→ **Task to complete**
All that should appear is the run of lines from the one containing "12.0 s after image 1." through the end of the records, each repeated exactly.

[Dataset entries]
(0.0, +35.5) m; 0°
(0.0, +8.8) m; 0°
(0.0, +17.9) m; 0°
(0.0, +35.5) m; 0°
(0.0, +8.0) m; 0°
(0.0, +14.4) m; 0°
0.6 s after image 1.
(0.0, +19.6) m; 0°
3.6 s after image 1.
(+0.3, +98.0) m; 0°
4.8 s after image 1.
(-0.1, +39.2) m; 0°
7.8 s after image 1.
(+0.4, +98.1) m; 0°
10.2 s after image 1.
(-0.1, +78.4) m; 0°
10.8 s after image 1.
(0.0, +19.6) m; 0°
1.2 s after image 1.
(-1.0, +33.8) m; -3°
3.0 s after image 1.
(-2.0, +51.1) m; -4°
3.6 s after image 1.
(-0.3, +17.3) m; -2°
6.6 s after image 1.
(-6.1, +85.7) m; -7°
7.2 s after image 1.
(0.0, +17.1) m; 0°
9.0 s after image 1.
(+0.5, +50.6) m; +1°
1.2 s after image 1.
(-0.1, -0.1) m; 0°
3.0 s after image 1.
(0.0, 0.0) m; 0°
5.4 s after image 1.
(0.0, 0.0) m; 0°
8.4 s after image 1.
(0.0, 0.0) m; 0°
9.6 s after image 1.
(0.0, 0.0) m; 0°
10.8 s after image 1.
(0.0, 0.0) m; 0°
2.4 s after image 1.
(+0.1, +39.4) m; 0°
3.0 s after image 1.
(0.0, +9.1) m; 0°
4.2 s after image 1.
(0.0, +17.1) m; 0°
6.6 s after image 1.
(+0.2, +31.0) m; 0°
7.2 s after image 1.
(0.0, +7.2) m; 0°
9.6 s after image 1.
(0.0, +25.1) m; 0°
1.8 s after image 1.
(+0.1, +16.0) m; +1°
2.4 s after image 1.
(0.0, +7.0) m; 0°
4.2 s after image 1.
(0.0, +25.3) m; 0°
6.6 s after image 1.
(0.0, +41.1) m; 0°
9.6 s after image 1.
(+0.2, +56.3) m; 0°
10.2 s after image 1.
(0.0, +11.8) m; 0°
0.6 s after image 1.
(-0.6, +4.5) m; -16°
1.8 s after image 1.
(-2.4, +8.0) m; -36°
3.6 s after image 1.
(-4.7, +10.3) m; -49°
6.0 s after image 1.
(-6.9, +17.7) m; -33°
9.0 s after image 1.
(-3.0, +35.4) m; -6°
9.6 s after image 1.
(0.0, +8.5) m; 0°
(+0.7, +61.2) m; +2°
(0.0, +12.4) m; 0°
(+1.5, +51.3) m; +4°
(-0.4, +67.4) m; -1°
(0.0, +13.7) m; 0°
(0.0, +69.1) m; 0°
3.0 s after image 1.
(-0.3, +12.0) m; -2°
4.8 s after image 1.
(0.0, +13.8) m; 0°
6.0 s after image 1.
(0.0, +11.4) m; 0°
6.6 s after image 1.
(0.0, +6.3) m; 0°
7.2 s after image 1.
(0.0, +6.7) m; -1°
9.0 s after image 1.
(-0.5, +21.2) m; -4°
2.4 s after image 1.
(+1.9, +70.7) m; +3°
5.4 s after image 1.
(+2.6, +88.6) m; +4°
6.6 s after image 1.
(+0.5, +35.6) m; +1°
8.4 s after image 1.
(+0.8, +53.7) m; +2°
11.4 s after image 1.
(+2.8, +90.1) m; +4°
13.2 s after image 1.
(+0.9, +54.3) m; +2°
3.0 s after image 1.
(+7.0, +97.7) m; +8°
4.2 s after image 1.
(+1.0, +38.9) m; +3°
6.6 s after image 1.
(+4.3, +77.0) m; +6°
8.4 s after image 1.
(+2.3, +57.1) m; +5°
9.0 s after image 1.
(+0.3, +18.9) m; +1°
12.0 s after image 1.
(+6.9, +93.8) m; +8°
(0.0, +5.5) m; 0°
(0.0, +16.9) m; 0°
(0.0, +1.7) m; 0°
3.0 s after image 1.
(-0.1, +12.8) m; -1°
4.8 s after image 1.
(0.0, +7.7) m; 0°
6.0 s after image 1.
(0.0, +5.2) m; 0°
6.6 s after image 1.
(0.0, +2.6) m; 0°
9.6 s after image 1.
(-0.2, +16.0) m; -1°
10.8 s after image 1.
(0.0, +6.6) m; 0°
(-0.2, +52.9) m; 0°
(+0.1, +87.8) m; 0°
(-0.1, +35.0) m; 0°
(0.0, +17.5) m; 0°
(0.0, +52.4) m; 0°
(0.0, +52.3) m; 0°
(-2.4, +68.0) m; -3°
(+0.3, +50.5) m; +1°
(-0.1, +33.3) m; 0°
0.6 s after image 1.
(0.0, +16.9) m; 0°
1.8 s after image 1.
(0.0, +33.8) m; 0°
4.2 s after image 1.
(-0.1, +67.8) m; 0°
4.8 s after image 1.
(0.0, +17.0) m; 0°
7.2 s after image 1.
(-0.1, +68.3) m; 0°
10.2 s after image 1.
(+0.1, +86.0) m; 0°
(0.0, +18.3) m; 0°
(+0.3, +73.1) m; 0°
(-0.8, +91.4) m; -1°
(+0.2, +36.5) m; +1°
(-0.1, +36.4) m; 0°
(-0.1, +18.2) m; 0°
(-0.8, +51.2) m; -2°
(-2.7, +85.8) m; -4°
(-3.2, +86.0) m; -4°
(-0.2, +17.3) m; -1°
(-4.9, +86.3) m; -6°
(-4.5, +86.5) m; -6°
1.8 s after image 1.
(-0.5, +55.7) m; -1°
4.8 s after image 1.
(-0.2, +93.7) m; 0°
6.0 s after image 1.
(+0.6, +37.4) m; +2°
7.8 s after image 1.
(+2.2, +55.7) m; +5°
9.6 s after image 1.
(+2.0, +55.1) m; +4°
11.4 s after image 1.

→ **Output of the task**
12.0 s after image 1.
(+6.9, +93.8) m; +8°
(0.0, +5.5) m; 0°
(0.0, +16.9) m; 0°
(0.0, +1.7) m; 0°
3.0 s after image 1.
(-0.1, +12.8) m; -1°
4.8 s after image 1.
(0.0, +7.7) m; 0°
6.0 s after image 1.
(0.0, +5.2) m; 0°
6.6 s after image 1.
(0.0, +2.6) m; 0°
9.6 s after image 1.
(-0.2, +16.0) m; -1°
10.8 s after image 1.
(0.0, +6.6) m; 0°
(-0.2, +52.9) m; 0°
(+0.1, +87.8) m; 0°
(-0.1, +35.0) m; 0°
(0.0, +17.5) m; 0°
(0.0, +52.4) m; 0°
(0.0, +52.3) m; 0°
(-2.4, +68.0) m; -3°
(+0.3, +50.5) m; +1°
(-0.1, +33.3) m; 0°
0.6 s after image 1.
(0.0, +16.9) m; 0°
1.8 s after image 1.
(0.0, +33.8) m; 0°
4.2 s after image 1.
(-0.1, +67.8) m; 0°
4.8 s after image 1.
(0.0, +17.0) m; 0°
7.2 s after image 1.
(-0.1, +68.3) m; 0°
10.2 s after image 1.
(+0.1, +86.0) m; 0°
(0.0, +18.3) m; 0°
(+0.3, +73.1) m; 0°
(-0.8, +91.4) m; -1°
(+0.2, +36.5) m; +1°
(-0.1, +36.4) m; 0°
(-0.1, +18.2) m; 0°
(-0.8, +51.2) m; -2°
(-2.7, +85.8) m; -4°
(-3.2, +86.0) m; -4°
(-0.2, +17.3) m; -1°
(-4.9, +86.3) m; -6°
(-4.5, +86.5) m; -6°
1.8 s after image 1.
(-0.5, +55.7) m; -1°
4.8 s after image 1.
(-0.2, +93.7) m; 0°
6.0 s after image 1.
(+0.6, +37.4) m; +2°
7.8 s after image 1.
(+2.2, +55.7) m; +5°
9.6 s after image 1.
(+2.0, +55.1) m; +4°
11.4 s after image 1.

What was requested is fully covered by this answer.